Chandru wrote:
The machine is a ppc64 box with a RHEL5.1 based SMP kernel. nr_cpus
is
equal to '2' in get_idle_threads() , but the system actually has 14 cpus
and 12 of them were offline when a vmcore was collected. The
kt->__per_cpu_offset[12 & 13 ] have per cpu offset values where as
kt->__per_cpu_offset[0 to 11] = 0. I changed kt->__per_cpu_offset[i]
in ppc64_paca_init() to kt->__per_cpu_offset[cpus] and that started
crash. But backtrace 'bt' exited with segmentation fault . Looking
further the code in get_netdump_regs_ppc64()
if (nd->num_prstatus_notes > 1)
{
note = (Elf64_Nhdr *)
nd->nt_prstatus_percpu[bt->tc->processor];
}
had bt->tc->processor as '12'. I changed it to '0' and that gave
the
backtrace.
Regards,
Chandru
Chandru,
I can reproduce the "idle-task" initialization-time failure on a
4-cpu ppc64 by offlining cpus 0 and 1. That can be fixed fairly trivially
in ppc64_paca_init() by checking the cpu_present_map instead of the
cpu_online_map. So this hack should get you to a prompt:
# diff ppc64.c.orig ppc64.c
2400c2400
< readmem(symbol_value("cpu_online_map"), KVADDR,
&cpu_online_map[0],
---
readmem(symbol_value("cpu_present_map"), KVADDR,
&cpu_online_map[0],
#
With respect to the "bt" failure, that will take a bit of tinkering.
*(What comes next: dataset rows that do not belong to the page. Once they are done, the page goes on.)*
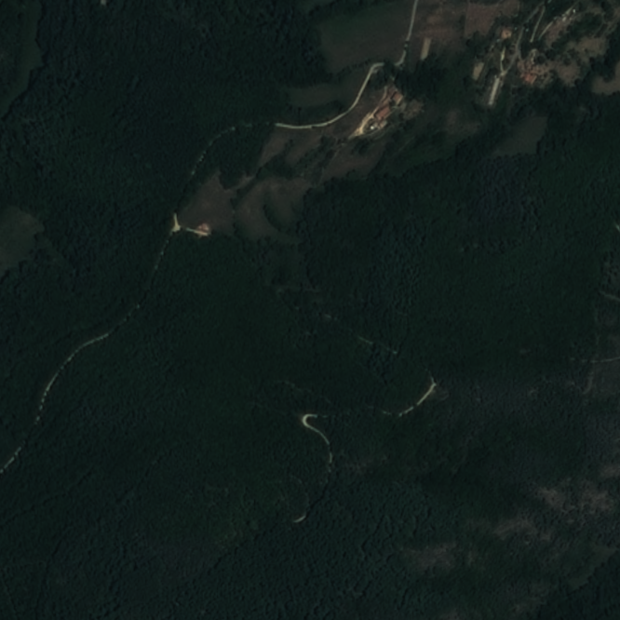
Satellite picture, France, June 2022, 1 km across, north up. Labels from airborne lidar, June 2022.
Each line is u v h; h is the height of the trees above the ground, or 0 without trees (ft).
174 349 28
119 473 40
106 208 63
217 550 46
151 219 58
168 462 29
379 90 26
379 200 35
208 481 40
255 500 35
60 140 51
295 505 25
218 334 36
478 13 0
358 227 45
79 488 45
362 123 0
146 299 36
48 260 60
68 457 46
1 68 47
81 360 35
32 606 40
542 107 37
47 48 31
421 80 42
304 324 36
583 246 35
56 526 29
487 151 38
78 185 48
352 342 39
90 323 37
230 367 38
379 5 28
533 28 34
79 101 41
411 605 78
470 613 25
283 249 44
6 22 57
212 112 43
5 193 40
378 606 53
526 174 41
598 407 47
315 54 74
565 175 34
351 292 43
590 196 44
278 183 0
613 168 40
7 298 58
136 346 37
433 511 81
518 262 35
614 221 31
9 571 27
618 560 79
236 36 69
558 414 43
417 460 20
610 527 47
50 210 46
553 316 37
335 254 30
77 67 43
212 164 34
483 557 25
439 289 43
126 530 33
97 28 43
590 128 34
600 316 20
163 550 52
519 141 0
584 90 80
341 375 37
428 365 44
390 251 71
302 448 34
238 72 65
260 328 44
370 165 0
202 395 41
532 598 45
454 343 35
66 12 56
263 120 39
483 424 31
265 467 44
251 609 77
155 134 58
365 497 81
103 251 49
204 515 33
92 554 54
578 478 47
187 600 77
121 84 33
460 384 39
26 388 37
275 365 44
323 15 53
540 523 54
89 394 31
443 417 41
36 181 19
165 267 39
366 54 0
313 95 0
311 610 33
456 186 44
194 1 57
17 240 0
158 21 56
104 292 43
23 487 44
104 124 47
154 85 51
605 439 46
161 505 37
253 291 58
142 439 38
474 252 51
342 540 85
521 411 38
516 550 33
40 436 38
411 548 38
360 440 47
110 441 31
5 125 53
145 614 57
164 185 46
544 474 33
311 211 36
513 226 39
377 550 74
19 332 52
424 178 36
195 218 0
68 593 31
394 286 71
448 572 24
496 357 30
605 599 62
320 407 31
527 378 37
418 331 32
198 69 54
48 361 37
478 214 48
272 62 54
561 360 34
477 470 62
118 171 40
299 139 0
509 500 39
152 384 34
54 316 43
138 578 86
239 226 35
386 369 36
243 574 72
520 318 41
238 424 42
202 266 59
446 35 0
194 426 42
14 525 40

When kdump collects NT_PRSTATUS segments, it only does it for
online cpus. So in your case, there would be 2 NT_PRSTATUS notes,
one each for cpu 12 and cpu 13. That being the case, get_netdump_regs_ppc64()
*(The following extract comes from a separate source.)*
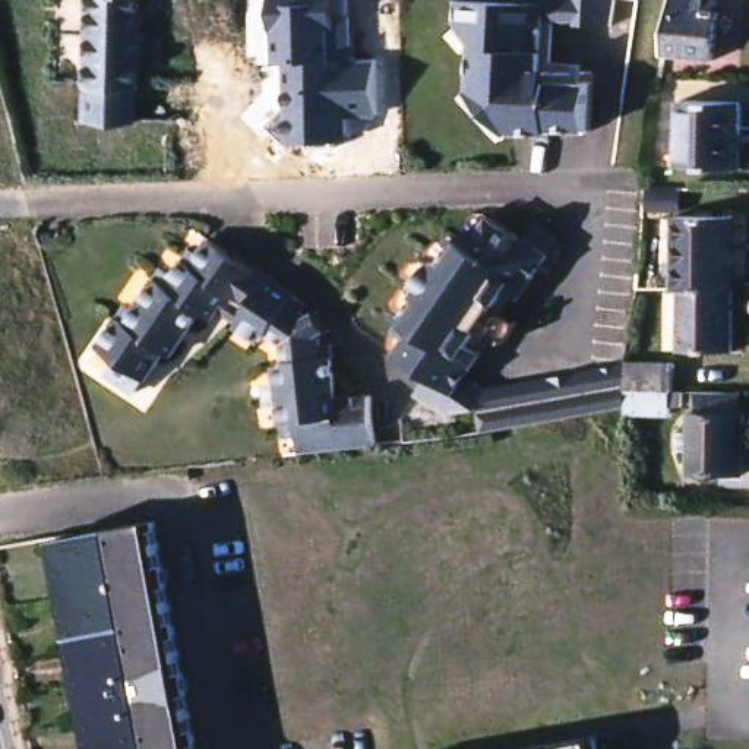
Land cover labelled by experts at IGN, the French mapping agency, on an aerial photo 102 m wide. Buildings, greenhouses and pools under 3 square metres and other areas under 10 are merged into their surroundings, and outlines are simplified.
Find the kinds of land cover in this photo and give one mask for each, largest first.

would have to be modified to pick the proper one, given that the
processor number will be 12 or 13, and that would have to mapped
to the associated "online index" of NT_PRSTATUS notes. That could
get ugly. There is an elf_prstatus.ppid field that could be matched
against the incoming "bt" task pid, although there could be multiple
pid 0's, so that probably is not the best answer. I'm not sure
what is the best way to go here.
So again, I prefer not to tinker with the ppc64-specific code base
in crash, and have always deferred it back to the author (haren).
If he is not available, can you find out who in IBM is the proper
person to run this by?
Thanks,
Dave